In your answer, print every record exactly as it is written.

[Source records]
□ □ □ □ □

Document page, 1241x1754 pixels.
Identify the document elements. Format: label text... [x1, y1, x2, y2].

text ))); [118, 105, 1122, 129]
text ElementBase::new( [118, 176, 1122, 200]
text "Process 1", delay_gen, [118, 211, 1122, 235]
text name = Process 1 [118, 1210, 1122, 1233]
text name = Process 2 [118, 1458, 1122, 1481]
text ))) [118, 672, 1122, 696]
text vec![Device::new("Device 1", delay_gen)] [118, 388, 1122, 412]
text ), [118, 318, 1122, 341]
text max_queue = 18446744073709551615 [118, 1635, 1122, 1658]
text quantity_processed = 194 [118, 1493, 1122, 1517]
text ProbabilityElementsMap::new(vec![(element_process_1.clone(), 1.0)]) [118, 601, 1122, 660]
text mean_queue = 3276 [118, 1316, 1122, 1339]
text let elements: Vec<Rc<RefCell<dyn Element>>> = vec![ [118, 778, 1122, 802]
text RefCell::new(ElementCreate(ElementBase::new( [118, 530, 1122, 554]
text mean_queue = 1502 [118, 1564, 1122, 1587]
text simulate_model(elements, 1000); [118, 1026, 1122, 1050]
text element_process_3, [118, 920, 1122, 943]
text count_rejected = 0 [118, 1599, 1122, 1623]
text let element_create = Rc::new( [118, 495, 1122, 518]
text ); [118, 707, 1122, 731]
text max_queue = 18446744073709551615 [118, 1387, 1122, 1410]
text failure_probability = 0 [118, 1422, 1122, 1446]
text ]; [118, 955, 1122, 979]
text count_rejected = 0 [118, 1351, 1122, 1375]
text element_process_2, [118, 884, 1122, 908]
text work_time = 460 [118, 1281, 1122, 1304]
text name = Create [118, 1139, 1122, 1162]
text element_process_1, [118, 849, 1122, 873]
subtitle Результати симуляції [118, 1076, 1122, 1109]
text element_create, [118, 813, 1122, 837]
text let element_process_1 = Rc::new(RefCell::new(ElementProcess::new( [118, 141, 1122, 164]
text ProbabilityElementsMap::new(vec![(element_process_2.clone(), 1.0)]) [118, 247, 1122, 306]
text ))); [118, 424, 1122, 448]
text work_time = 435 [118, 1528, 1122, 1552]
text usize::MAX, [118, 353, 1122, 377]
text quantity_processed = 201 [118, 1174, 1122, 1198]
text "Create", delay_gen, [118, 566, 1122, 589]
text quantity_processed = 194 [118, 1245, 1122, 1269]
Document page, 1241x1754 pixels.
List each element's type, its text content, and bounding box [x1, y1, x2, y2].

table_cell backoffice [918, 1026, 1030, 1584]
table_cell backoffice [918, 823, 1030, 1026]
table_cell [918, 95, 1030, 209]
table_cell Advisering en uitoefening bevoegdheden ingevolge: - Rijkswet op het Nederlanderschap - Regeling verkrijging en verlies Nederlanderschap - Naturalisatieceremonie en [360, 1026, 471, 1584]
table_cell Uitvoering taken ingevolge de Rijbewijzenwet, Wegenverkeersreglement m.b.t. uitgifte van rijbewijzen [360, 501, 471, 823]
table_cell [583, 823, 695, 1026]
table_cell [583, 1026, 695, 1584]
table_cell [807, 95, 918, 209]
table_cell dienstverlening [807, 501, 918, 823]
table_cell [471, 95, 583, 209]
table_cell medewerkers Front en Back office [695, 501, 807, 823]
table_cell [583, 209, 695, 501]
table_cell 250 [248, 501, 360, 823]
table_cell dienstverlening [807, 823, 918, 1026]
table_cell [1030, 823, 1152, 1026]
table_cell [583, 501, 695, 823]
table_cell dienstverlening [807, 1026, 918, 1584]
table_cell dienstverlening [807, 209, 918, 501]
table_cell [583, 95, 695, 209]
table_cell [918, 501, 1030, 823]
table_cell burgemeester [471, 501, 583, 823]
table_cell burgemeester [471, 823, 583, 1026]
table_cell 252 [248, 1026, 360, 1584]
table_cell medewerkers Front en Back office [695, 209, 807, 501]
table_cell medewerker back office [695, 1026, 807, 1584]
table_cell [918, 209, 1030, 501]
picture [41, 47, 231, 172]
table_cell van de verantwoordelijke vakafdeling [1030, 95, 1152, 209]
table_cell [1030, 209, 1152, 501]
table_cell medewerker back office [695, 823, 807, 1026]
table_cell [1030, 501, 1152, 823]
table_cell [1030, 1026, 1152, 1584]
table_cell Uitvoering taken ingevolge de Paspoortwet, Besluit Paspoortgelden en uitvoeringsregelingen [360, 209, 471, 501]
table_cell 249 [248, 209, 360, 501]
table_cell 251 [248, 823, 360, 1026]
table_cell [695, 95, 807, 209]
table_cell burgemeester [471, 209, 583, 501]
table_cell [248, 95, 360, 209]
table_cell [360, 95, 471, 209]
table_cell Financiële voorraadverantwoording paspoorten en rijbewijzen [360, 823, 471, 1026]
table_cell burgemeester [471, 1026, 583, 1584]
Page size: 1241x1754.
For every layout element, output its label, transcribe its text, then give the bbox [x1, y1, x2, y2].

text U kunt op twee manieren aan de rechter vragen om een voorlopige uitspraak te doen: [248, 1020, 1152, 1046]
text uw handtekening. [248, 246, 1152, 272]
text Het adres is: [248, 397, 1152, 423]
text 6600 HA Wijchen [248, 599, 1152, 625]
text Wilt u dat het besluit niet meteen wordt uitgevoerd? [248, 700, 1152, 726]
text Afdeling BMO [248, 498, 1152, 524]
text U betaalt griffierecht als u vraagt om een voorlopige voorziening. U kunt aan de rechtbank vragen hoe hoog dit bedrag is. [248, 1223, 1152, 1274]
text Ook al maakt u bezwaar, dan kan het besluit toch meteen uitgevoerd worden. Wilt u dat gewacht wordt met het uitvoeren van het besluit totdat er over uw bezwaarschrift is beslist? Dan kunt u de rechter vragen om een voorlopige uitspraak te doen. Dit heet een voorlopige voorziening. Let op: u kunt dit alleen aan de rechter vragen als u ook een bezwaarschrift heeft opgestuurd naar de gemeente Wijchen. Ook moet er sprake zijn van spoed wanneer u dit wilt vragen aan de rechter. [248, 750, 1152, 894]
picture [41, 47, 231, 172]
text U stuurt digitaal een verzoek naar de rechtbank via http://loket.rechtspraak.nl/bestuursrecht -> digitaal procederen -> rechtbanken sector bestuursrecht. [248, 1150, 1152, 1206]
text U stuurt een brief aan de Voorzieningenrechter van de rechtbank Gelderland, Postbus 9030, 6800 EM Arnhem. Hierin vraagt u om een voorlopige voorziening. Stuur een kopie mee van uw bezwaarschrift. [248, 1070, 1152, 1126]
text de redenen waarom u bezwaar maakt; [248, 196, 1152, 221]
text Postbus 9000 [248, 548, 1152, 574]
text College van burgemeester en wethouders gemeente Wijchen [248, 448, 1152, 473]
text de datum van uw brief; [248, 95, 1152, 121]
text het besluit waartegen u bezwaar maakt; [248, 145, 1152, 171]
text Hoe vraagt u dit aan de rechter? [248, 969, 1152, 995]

□ □ □ □ □

**Solution**:
Document page, 1241x1754 pixels.
Identify the document elements. Format: label text... [x1, y1, x2, y2].

text ))); [118, 105, 1122, 129]
text ElementBase::new( [118, 176, 1122, 200]
text "Process 1", delay_gen, [118, 211, 1122, 235]
text name = Process 1 [118, 1210, 1122, 1233]
text name = Process 2 [118, 1458, 1122, 1481]
text ))) [118, 672, 1122, 696]
text vec![Device::new("Device 1", delay_gen)] [118, 388, 1122, 412]
text ), [118, 318, 1122, 341]
text max_queue = 18446744073709551615 [118, 1635, 1122, 1658]
text quantity_processed = 194 [118, 1493, 1122, 1517]
text ProbabilityElementsMap::new(vec![(element_process_1.clone(), 1.0)]) [118, 601, 1122, 660]
text mean_queue = 3276 [118, 1316, 1122, 1339]
text let elements: Vec<Rc<RefCell<dyn Element>>> = vec![ [118, 778, 1122, 802]
text RefCell::new(ElementCreate(ElementBase::new( [118, 530, 1122, 554]
text mean_queue = 1502 [118, 1564, 1122, 1587]
text simulate_model(elements, 1000); [118, 1026, 1122, 1050]
text element_process_3, [118, 920, 1122, 943]
text count_rejected = 0 [118, 1599, 1122, 1623]
text let element_create = Rc::new( [118, 495, 1122, 518]
text ); [118, 707, 1122, 731]
text max_queue = 18446744073709551615 [118, 1387, 1122, 1410]
text failure_probability = 0 [118, 1422, 1122, 1446]
text ]; [118, 955, 1122, 979]
text count_rejected = 0 [118, 1351, 1122, 1375]
text element_process_2, [118, 884, 1122, 908]
text work_time = 460 [118, 1281, 1122, 1304]
text name = Create [118, 1139, 1122, 1162]
text element_process_1, [118, 849, 1122, 873]
subtitle Результати симуляції [118, 1076, 1122, 1109]
text element_create, [118, 813, 1122, 837]
text let element_process_1 = Rc::new(RefCell::new(ElementProcess::new( [118, 141, 1122, 164]
text ProbabilityElementsMap::new(vec![(element_process_2.clone(), 1.0)]) [118, 247, 1122, 306]
text ))); [118, 424, 1122, 448]
text work_time = 435 [118, 1528, 1122, 1552]
text usize::MAX, [118, 353, 1122, 377]
text quantity_processed = 201 [118, 1174, 1122, 1198]
text "Create", delay_gen, [118, 566, 1122, 589]
text quantity_processed = 194 [118, 1245, 1122, 1269]
Document page, 1241x1754 pixels.
List each element's type, its text content, and bounding box [x1, y1, x2, y2].

table_cell backoffice [918, 1026, 1030, 1584]
table_cell backoffice [918, 823, 1030, 1026]
table_cell [918, 95, 1030, 209]
table_cell Advisering en uitoefening bevoegdheden ingevolge: - Rijkswet op het Nederlanderschap - Regeling verkrijging en verlies Nederlanderschap - Naturalisatieceremonie en [360, 1026, 471, 1584]
table_cell Uitvoering taken ingevolge de Rijbewijzenwet, Wegenverkeersreglement m.b.t. uitgifte van rijbewijzen [360, 501, 471, 823]
table_cell [583, 823, 695, 1026]
table_cell [583, 1026, 695, 1584]
table_cell [807, 95, 918, 209]
table_cell dienstverlening [807, 501, 918, 823]
table_cell [471, 95, 583, 209]
table_cell medewerkers Front en Back office [695, 501, 807, 823]
table_cell [583, 209, 695, 501]
table_cell 250 [248, 501, 360, 823]
table_cell dienstverlening [807, 823, 918, 1026]
table_cell [1030, 823, 1152, 1026]
table_cell [583, 501, 695, 823]
table_cell dienstverlening [807, 1026, 918, 1584]
table_cell dienstverlening [807, 209, 918, 501]
table_cell [583, 95, 695, 209]
table_cell [918, 501, 1030, 823]
table_cell burgemeester [471, 501, 583, 823]
table_cell burgemeester [471, 823, 583, 1026]
table_cell 252 [248, 1026, 360, 1584]
table_cell medewerkers Front en Back office [695, 209, 807, 501]
table_cell medewerker back office [695, 1026, 807, 1584]
table_cell [918, 209, 1030, 501]
picture [41, 47, 231, 172]
table_cell van de verantwoordelijke vakafdeling [1030, 95, 1152, 209]
table_cell [1030, 209, 1152, 501]
table_cell medewerker back office [695, 823, 807, 1026]
table_cell [1030, 501, 1152, 823]
table_cell [1030, 1026, 1152, 1584]
table_cell Uitvoering taken ingevolge de Paspoortwet, Besluit Paspoortgelden en uitvoeringsregelingen [360, 209, 471, 501]
table_cell 249 [248, 209, 360, 501]
table_cell 251 [248, 823, 360, 1026]
table_cell [695, 95, 807, 209]
table_cell burgemeester [471, 209, 583, 501]
table_cell [248, 95, 360, 209]
table_cell [360, 95, 471, 209]
table_cell Financiële voorraadverantwoording paspoorten en rijbewijzen [360, 823, 471, 1026]
table_cell burgemeester [471, 1026, 583, 1584]
Page size: 1241x1754.
For every layout element, output its label, transcribe its text, then give the bbox [x1, y1, x2, y2].

text U kunt op twee manieren aan de rechter vragen om een voorlopige uitspraak te doen: [248, 1020, 1152, 1046]
text uw handtekening. [248, 246, 1152, 272]
text Het adres is: [248, 397, 1152, 423]
text 6600 HA Wijchen [248, 599, 1152, 625]
text Wilt u dat het besluit niet meteen wordt uitgevoerd? [248, 700, 1152, 726]
text Afdeling BMO [248, 498, 1152, 524]
text U betaalt griffierecht als u vraagt om een voorlopige voorziening. U kunt aan de rechtbank vragen hoe hoog dit bedrag is. [248, 1223, 1152, 1274]
text Ook al maakt u bezwaar, dan kan het besluit toch meteen uitgevoerd worden. Wilt u dat gewacht wordt met het uitvoeren van het besluit totdat er over uw bezwaarschrift is beslist? Dan kunt u de rechter vragen om een voorlopige uitspraak te doen. Dit heet een voorlopige voorziening. Let op: u kunt dit alleen aan de rechter vragen als u ook een bezwaarschrift heeft opgestuurd naar de gemeente Wijchen. Ook moet er sprake zijn van spoed wanneer u dit wilt vragen aan de rechter. [248, 750, 1152, 894]
picture [41, 47, 231, 172]
text U stuurt digitaal een verzoek naar de rechtbank via http://loket.rechtspraak.nl/bestuursrecht -> digitaal procederen -> rechtbanken sector bestuursrecht. [248, 1150, 1152, 1206]
text U stuurt een brief aan de Voorzieningenrechter van de rechtbank Gelderland, Postbus 9030, 6800 EM Arnhem. Hierin vraagt u om een voorlopige voorziening. Stuur een kopie mee van uw bezwaarschrift. [248, 1070, 1152, 1126]
text de redenen waarom u bezwaar maakt; [248, 196, 1152, 221]
text Postbus 9000 [248, 548, 1152, 574]
text College van burgemeester en wethouders gemeente Wijchen [248, 448, 1152, 473]
text de datum van uw brief; [248, 95, 1152, 121]
text het besluit waartegen u bezwaar maakt; [248, 145, 1152, 171]
text Hoe vraagt u dit aan de rechter? [248, 969, 1152, 995]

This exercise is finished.